A different mechanism is provided by increased expression of metadherin. Metadherin (also known as astrocyte elevated gene 1 or LYRIC) is a tumour associated antigen, which promotes EMT including downregulation of E-cadherin by activating multiple pathways, such as Wnt/b-catenin, MAPK and PI3K/AKT signalling [60]. Interestingly, metadherin also functions as an RNA binding protein leading to downregulation of GPX4 and SLC3A2, the system x_c- dimerization partner, and consequently to an elevated vulnerability to ferroptosis inducers [61].

These observations argue against the hypothesis that EMT is per se sufficient to increase ferroptosis susceptibility. Indeed, ferroptosis sensitivity might be counterbalanced by the AKT signalling pathway (Figure 3Figure 6). In gallbladder cancer cells, downregulation of the histone deacetylase sirtuin 3 leads to typical features of EMT and increased phosphorylation of AKT (at ser473). However, they are protected against ferroptosis by AKT-mediated reduction of ACSL4 [62]. Ferroptosis resistance might also be a result of activating PI3K mutations or loss of PTEN function leading to sustained mTORC1 activity via the PI3K-AKT-mTOR pathway [63]. Sustained mTORC1 activity leads to increased transcriptional activity of the sterol regulatory element-binding protein 1 (SREBP1) resulting in increased expression of the stearoyl CoA desaturase 1 (SCD1) [63]. SCD1 is an enzyme which converts unsaturated fatty acids to MUFAs. Hence, it is likely that MUFAs are incorporated instead of PUFAs into the plasma membrane thereby decreasing the rate of lipid peroxidation in response to ferroptotic triggers [7]. Furthermore, SCD1 induces BH₄ synthesis which also contributes to ferroptosis resistance [64].

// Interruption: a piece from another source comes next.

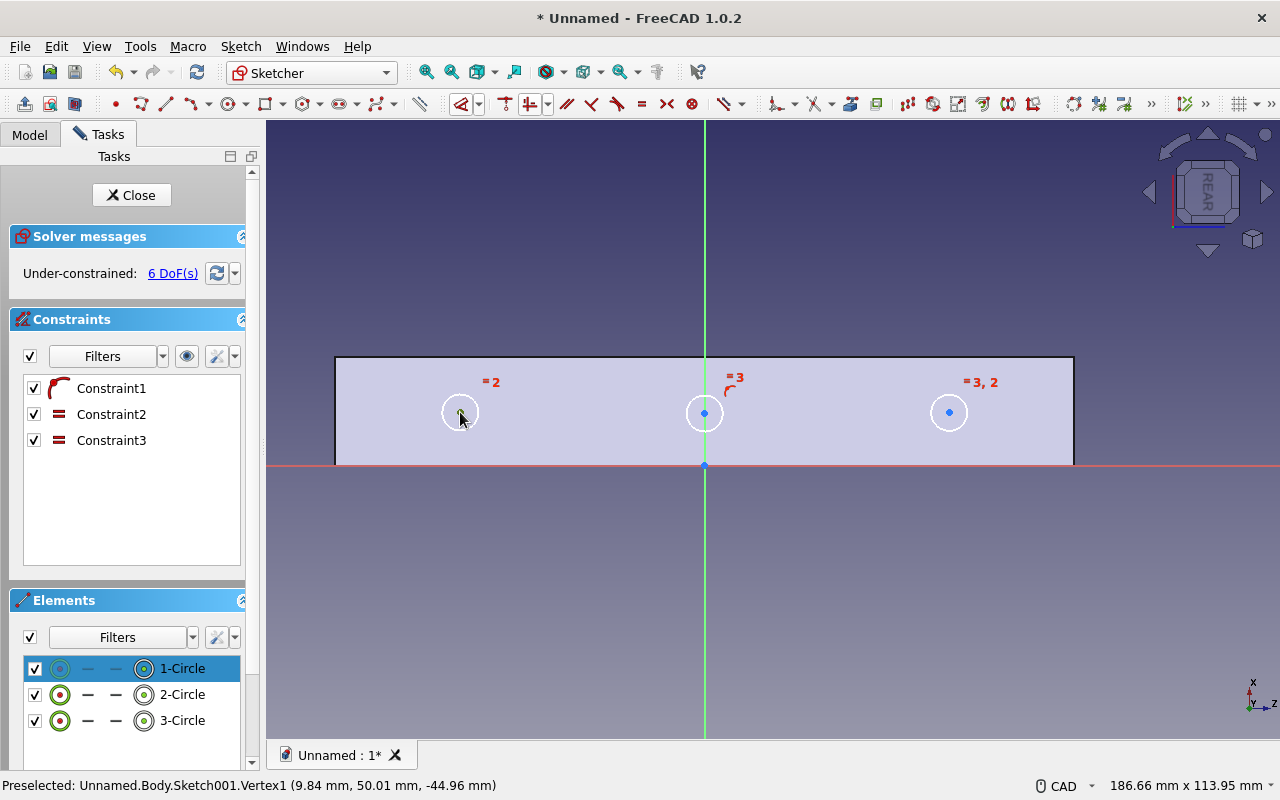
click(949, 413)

Figure 36. Regulation of ferroptosis by E-cadherin and EMT. Left: E-cadherin activates the Hippo pathway thereby inactivating YAP- and TAZ-activity. This leads directly or indirectly to decreased expression of proteins that are relevant for ferroptosis (note that decreased levels of NOX4 and NOX2 are due to reduced expression of EMP1 and ANGPTL4, resp., see text for details). However, involvement of additional genes and / or signalling pathways is likely. Ferroptosis is blocked. Right: EMT, for instance triggered by activation of ZEB, leads to a loss of E-cadherin expression and inhibition of the Hippo pathway. Although the downstream targets have not been elucidated so far, YAP/TAZ activation supports ferroptosis. Additional pathways remain to be elucidated. However, this can be counterbalanced by phosphorylation of AKT (or, possibly, other mechanism). Activated AKT may lead to a decreased level of ACSL4 as well as increased formation of MUFAs and BH₄ via mTORC1 stimulation. Ferroptosis is prevented.